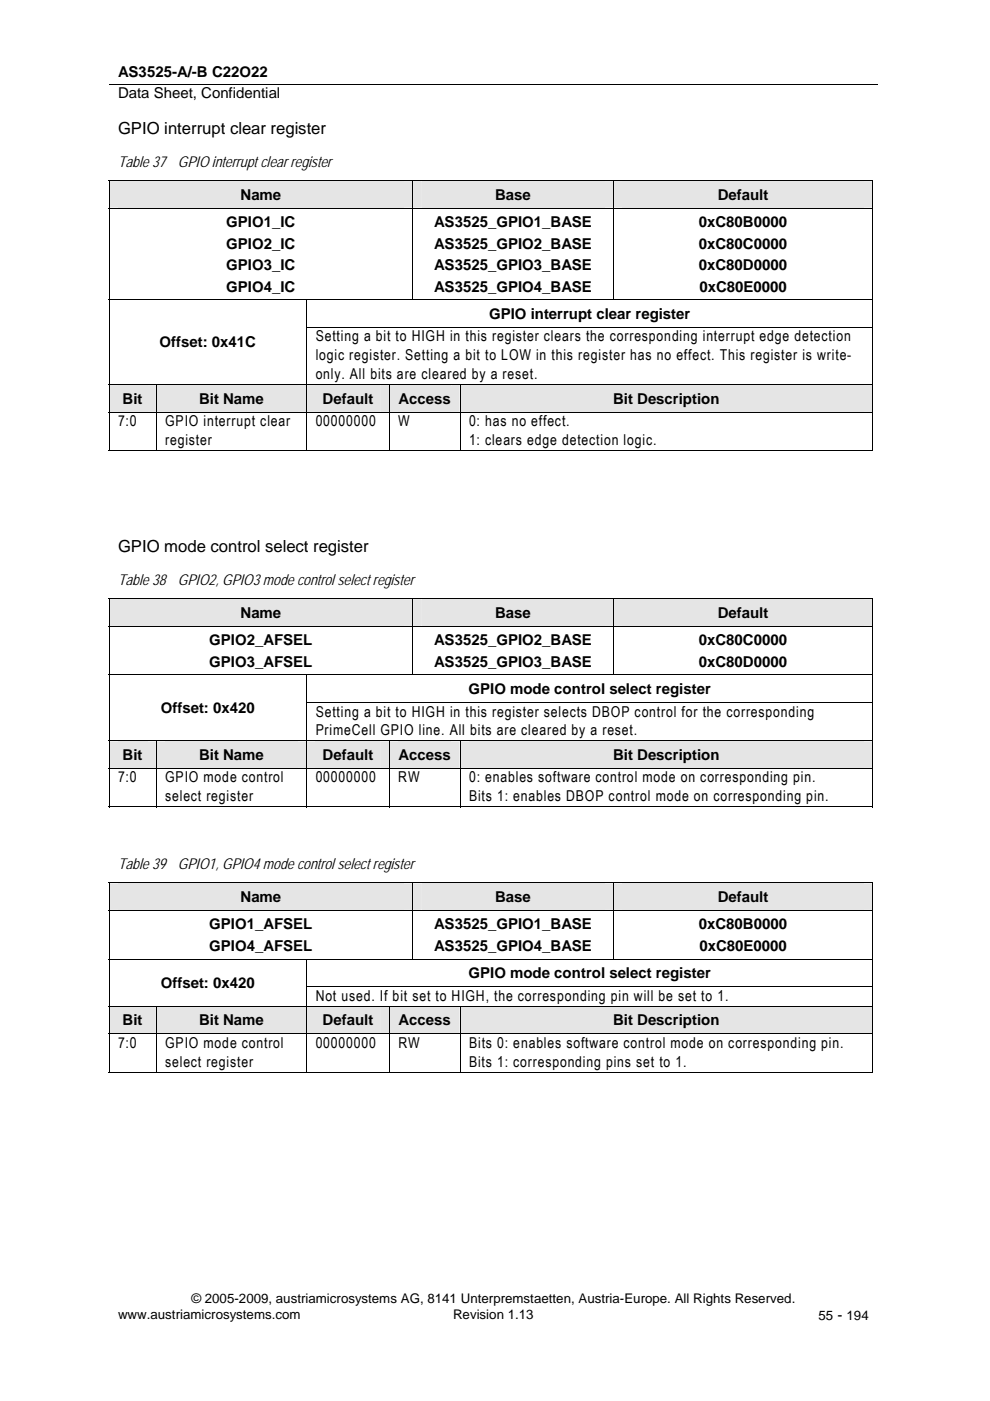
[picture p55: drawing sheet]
<svg xmlns="http://www.w3.org/2000/svg" width="210mm" height="297mm" viewBox="0 0 210 297" stroke-linecap="round" stroke-linejoin="round" font-family="sans-serif">
<defs><g id="words">
<g font-size="3.5">
<text x="25" y="28.5">GPIO interrupt clear register</text>
<text x="25" y="117.1">GPIO mode control select register</text>
</g>
<g font-size="3.2">
<text x="25" y="16.3">AS3525-A/-B C22O22</text>
<text x="25" y="20.9">Data Sheet, Confidential</text>
<text x="25" y="35.4">Table 37</text>
<text x="37.7" y="35.4">GPIO interrupt clear register</text>
<text x="51" y="42.4">Name</text>
<text x="105" y="42.4">Base</text>
<text x="152.2" y="42.4">Default</text>
<text x="48" y="48.2">GPIO1_IC</text>
<text x="48" y="52.7">GPIO2_IC</text>
<text x="92" y="48.2">AS3525_GPIO1_BASE</text>
<text x="92" y="52.7">AS3525_GPIO2_BASE</text>
<text x="148.2" y="48.2">0xC80B0000</text>
<text x="148.2" y="52.7">0xC80C0000</text>
<text x="48" y="57.3">GPIO3_IC</text>
<text x="92" y="57.3">AS3525_GPIO3_BASE</text>
<text x="148.2" y="57.3">0xC80D0000</text>
<text x="48" y="61.8">GPIO4_IC</text>
<text x="92" y="61.8">AS3525_GPIO4_BASE</text>
<text x="148.3" y="61.8">0xC80E0000</text>
<text x="103.7" y="67.6">GPIO interrupt clear register</text>
<text x="33.8" y="73.7">Offset: 0x41C</text>
<text x="66.9" y="72.4">Setting a bit to HIGH in this register clears the corresponding interrupt edge detection</text>
<text x="66.9" y="76.4">logic register. Setting a bit to LOW in this register has no effect. This register is write-</text>
<text x="66.9" y="80.4">only. All bits are cleared by a reset.</text>
<text x="26" y="85.7">Bit</text>
<text x="42.2" y="85.7">Bit Name</text>
<text x="68.4" y="85.7">Default</text>
<text x="84.5" y="85.7">Access</text>
<text x="130" y="85.7">Bit Description</text>
<text x="25" y="90.4">7:0</text>
<text x="35" y="90.4">GPIO interrupt clear</text>
<text x="35" y="94.4">register</text>
<text x="66.9" y="90.4">00000000</text>
<text x="84.5" y="90.4">W</text>
<text x="99.4" y="94.4">1: clears edge detection logic.</text>
<text x="99.5" y="90.4">0: has no effect.</text>
<text x="25" y="124">Table 38</text>
<text x="37.7" y="124">GPIO2, GPIO3 mode control select register</text>
<text x="51" y="131">Name</text>
<text x="105" y="131">Base</text>
<text x="152.2" y="131">Default</text>
<text x="44.4" y="136.8">GPIO2_AFSEL</text>
<text x="92" y="136.8">AS3525_GPIO2_BASE</text>
<text x="148.2" y="136.8">0xC80C0000</text>
<text x="44.4" y="141.4">GPIO3_AFSEL</text>
<text x="92" y="141.4">AS3525_GPIO3_BASE</text>
<text x="148.2" y="141.4">0xC80D0000</text>
<text x="99.4" y="147.2">GPIO mode control select register</text>
<text x="34.1" y="151.2">Offset: 0x420</text>
<text x="66.9" y="151.9">Setting a bit to HIGH in this register selects DBOP control for the corresponding</text>
<text x="66.9" y="155.9">PrimeCell GPIO line. All bits are cleared by a reset.</text>
<text x="26" y="161.2">Bit</text>
<text x="42.2" y="161.2">Bit Name</text>
<text x="68.4" y="161.2">Default</text>
<text x="84.5" y="161.2">Access</text>
<text x="130" y="161.2">Bit Description</text>
<text x="25" y="165.9">7:0</text>
<text x="35" y="165.9">GPIO mode control</text>
<text x="66.9" y="165.9">00000000</text>
<text x="84.5" y="165.9">RW</text>
<text x="99.5" y="165.9">0: enables software control mode on corresponding pin.</text>
<text x="35" y="169.9">select register</text>
<text x="99.4" y="169.9">Bits 1: enables DBOP control mode on corresponding pin.</text>
<text x="25" y="184.3">Table 39</text>
<text x="37.7" y="184.3">GPIO1, GPIO4 mode control select register</text>
<text x="51" y="191.3">Name</text>
<text x="105" y="191.3">Base</text>
<text x="152.2" y="191.3">Default</text>
<text x="44.4" y="197.1">GPIO1_AFSEL</text>
<text x="92" y="197.1">AS3525_GPIO1_BASE</text>
<text x="148.2" y="197.1">0xC80B0000</text>
<text x="44.4" y="201.6">GPIO4_AFSEL</text>
<text x="92" y="201.6">AS3525_GPIO4_BASE</text>
<text x="148.3" y="201.6">0xC80E0000</text>
<text x="34.1" y="209.4">Offset: 0x420</text>
<text x="99.4" y="207.4">GPIO mode control select register</text>
<text x="66.9" y="212.2">Not used. If bit set to HIGH, the corresponding pin will be set to 1.</text>
<text x="26" y="217.4">Bit</text>
<text x="42.2" y="217.4">Bit Name</text>
<text x="68.4" y="217.4">Default</text>
<text x="84.5" y="217.4">Access</text>
<text x="130" y="217.4">Bit Description</text>
<text x="25" y="222.1">7:0</text>
<text x="35" y="222.1">GPIO mode control</text>
<text x="35" y="226.1">select register</text>
<text x="66.9" y="222.1">00000000</text>
<text x="84.5" y="222.1">RW</text>
<text x="99.4" y="226.1">Bits 1: corresponding pins set to 1.</text>
<text x="99.5" y="222.1">Bits 0: enables software control mode on corresponding pin.</text>
</g>
<g font-size="2.8">
<text x="25" y="279.6">www.austriamicrosystems.com</text>
<text x="40.6" y="276.4">© 2005-2009, austriamicrosystems AG, 8141 Unterpremstaetten, Austria-Europe. All Rights Reserved.</text>
<text x="96.1" y="279.6">Revision 1.13</text>
<text x="173.5" y="280">55 - 194</text>
</g>
</g></defs>
<path d="M23.1 17.8h162.9" fill="none" stroke="#000" stroke-width=".21"/>
<g fill="#e5e5e5">
<path d="M23.2 38.4h64.2v5.6h-64.2z"/>
<path d="M25 38.4h60.6v5.6h-60.6z"/>
<path d="M87.6 38.4h42.4v5.6h-42.4z"/>
<path d="M89.4 38.4h38.7v5.6h-38.7z"/>
<path d="M130.1 38.4h54.9v5.6h-54.9z"/>
<path d="M132 38.4h51.1v5.6h-51.1z"/>
</g>
<path d="M23 38.2h.2v.2h-.2zM185 38.2h.1v.2h-.1zM23 69.3h.2v.2h-.2z" fill="#000"/>
<g fill="none" stroke="#000" stroke-width=".21">
<path d="M23 38.3h162.1M23.1 38.4v5.6M87.5 38.4v5.6M130 38.4v5.6M185 38.4v5.6M23 44.1h162.1M23.1 44.2v19.3M87.5 44.2v19.3M130 44.2v19.3M185 44.2v19.3M23 63.6h162.1M23.1 63.7v5.6"/>
<path d="M23.1 69.5v12M64.9 69.4h120.2M65 63.7v5.6M65 69.5v12M185 63.7v5.6M185 69.5v12"/>
</g>
<g fill="#e5e5e5">
<path d="M23.2 81.7h9.8v5.6h-9.8z"/>
<path d="M25 81.7h6.2v5.6h-6.2z"/>
<path d="M33.2 81.7h31.7v5.6h-31.7z"/>
<path d="M35 81.7h28.1v5.6h-28.1z"/>
<path d="M65.1 81.7h17.4v5.6h-17.4z"/>
<path d="M66.9 81.7h13.7v5.6h-13.7z"/>
<path d="M82.6 81.7h14.9v5.6h-14.9z"/>
<path d="M84.5 81.7h11.1v5.6h-11.1z"/>
<path d="M97.6 81.7h87.4v5.6h-87.4z"/>
<path d="M99.4 81.7h83.7v5.6h-83.7z"/>
</g>
<g fill="none" stroke="#000" stroke-width=".21">
<path d="M23 81.6h162.1M23 87.4h162.1M23 95.6h10M23.1 81.7v5.6M23.1 87.5v8.2M33.1 81.7v5.6M33.1 87.5v8.2M33.2 95.6h31.7M65 81.7v5.6M65 87.5v8.2M65.1 95.6h17.4M82.5 81.7v5.6"/>
<path d="M82.5 87.5v8.2M82.6 95.6h14.9M97.5 81.7v5.6M97.5 87.5v8.2M97.6 95.6h87.4M185 81.7v5.6M185 87.5v8.2"/>
</g>
<path d="M185 95.5h.1v.2h-.1z" fill="#000"/>
<g fill="#e5e5e5">
<path d="M23.2 127h64.2v5.7h-64.2z"/>
<path d="M25 127h60.6v5.7h-60.6z"/>
<path d="M87.6 127h42.4v5.7h-42.4z"/>
<path d="M89.4 127h38.7v5.7h-38.7z"/>
<path d="M130.1 127h54.9v5.7h-54.9z"/>
<path d="M132 127h51.1v5.7h-51.1z"/>
</g>
<path d="M23 126.9h.2v.1h-.2zM185 126.9h.1v.1h-.1zM23 148.8h.2v.2h-.2z" fill="#000"/>
<g fill="none" stroke="#000" stroke-width=".21">
<path d="M23 127h162.1M23 132.8h162.1M23.1 127v5.7M23.1 132.8v10.2M87.5 127v5.7M87.5 132.8v10.2M130 127v5.7M130 132.8v10.2M185 127v5.7M185 132.8v10.2M23 143.1h162.1M23.1 143.2v5.6"/>
<path d="M23.1 149v8M64.9 148.9h120.2M65 143.2v5.6M65 149v8M185 143.2v5.6M185 149v8"/>
</g>
<g fill="#e5e5e5">
<path d="M23.2 157.2h9.8v5.6h-9.8z"/>
<path d="M25 157.2h6.2v5.6h-6.2z"/>
<path d="M33.2 157.2h31.7v5.6h-31.7z"/>
<path d="M35 157.2h28.1v5.6h-28.1z"/>
<path d="M65.1 157.2h17.4v5.6h-17.4z"/>
<path d="M66.9 157.2h13.7v5.6h-13.7z"/>
<path d="M82.6 157.2h14.9v5.6h-14.9z"/>
<path d="M84.5 157.2h11.1v5.6h-11.1z"/>
<path d="M97.6 157.2h87.4v5.6h-87.4z"/>
<path d="M99.4 157.2h83.7v5.6h-83.7z"/>
</g>
<g fill="none" stroke="#000" stroke-width=".21">
<path d="M23 157.1h162.1M23.1 157.2v5.6M33.1 157.2v5.6M65 157.2v5.6M82.5 157.2v5.6M97.5 157.2v5.6M185 157.2v5.6M23 162.9h162.1M23 171.1h10M23.1 163v8.2M33.1 163v8.2M33.2 171.1h31.7"/>
<path d="M65 163v8.2M65.1 171.1h17.4M82.5 163v8.2M82.6 171.1h14.9M97.5 163v8.2M97.6 171.1h87.4M185 163v8.2"/>
</g>
<path d="M185 171h.1v.2h-.1z" fill="#000"/>
<g fill="#e5e5e5">
<path d="M23.2 187.3h64.2v5.6h-64.2z"/>
<path d="M25 187.3h60.6v5.6h-60.6z"/>
<path d="M87.6 187.3h42.4v5.6h-42.4z"/>
<path d="M89.4 187.3h38.7v5.6h-38.7z"/>
<path d="M130.1 187.3h54.9v5.6h-54.9z"/>
<path d="M132 187.3h51.1v5.6h-51.1z"/>
</g>
<path d="M23 187.1h.2v.2h-.2zM185 187.1h.1v.2h-.1zM23 209.1h.2v.1h-.2z" fill="#000"/>
<g fill="none" stroke="#000" stroke-width=".21">
<path d="M23 187.2h162.1M23 193h162.1M23.1 187.3v5.6M23.1 193.1v10.2M87.5 187.3v5.6M87.5 193.1v10.2M130 187.3v5.6M130 193.1v10.2M185 187.3v5.6M185 193.1v10.2M23 203.3h162.1M23.1 203.4v5.7"/>
<path d="M23.1 209.2v4.1M64.9 209.1h120.2M65 203.4v5.7M65 209.2v4.1M185 203.4v5.7M185 209.2v4.1"/>
</g>
<g fill="#e5e5e5">
<path d="M23.2 213.4h9.8v5.7h-9.8z"/>
<path d="M25 213.4h6.2v5.6h-6.2z"/>
<path d="M33.2 213.4h31.7v5.7h-31.7z"/>
<path d="M35 213.4h28.1v5.6h-28.1z"/>
<path d="M65.1 213.4h17.4v5.7h-17.4z"/>
<path d="M66.9 213.4h13.7v5.6h-13.7z"/>
<path d="M82.6 213.4h14.9v5.7h-14.9z"/>
<path d="M84.5 213.4h11.1v5.6h-11.1z"/>
<path d="M97.6 213.4h87.4v5.7h-87.4z"/>
<path d="M99.4 213.4h83.7v5.6h-83.7z"/>
</g>
<g fill="none" stroke="#000" stroke-width=".21">
<path d="M23 213.3h162.1M23 219.1h162.1M23.1 213.4v5.7M23.1 219.2v8.2M33.1 213.4v5.7M33.1 219.2v8.2M65 213.4v5.7M65 219.2v8.2M82.5 213.4v5.7M82.5 219.2v8.2M97.5 213.4v5.7M97.5 219.2v8.2"/>
<path d="M185 213.4v5.7M185 219.2v8.2M23 227.3h10M33.2 227.3h31.7M65.1 227.3h17.4M82.6 227.3h14.9M97.6 227.3h87.4"/>
</g>
<path d="M185 227.2h.1v.2h-.1z" fill="#000"/>
<use href="#words"/>
</svg>

---------------

EXERCISE REQUIREMENTS -
Across the records above, how many lines does the word "clears" appear on? Reply with the number only.

RESPONSE BOX -
2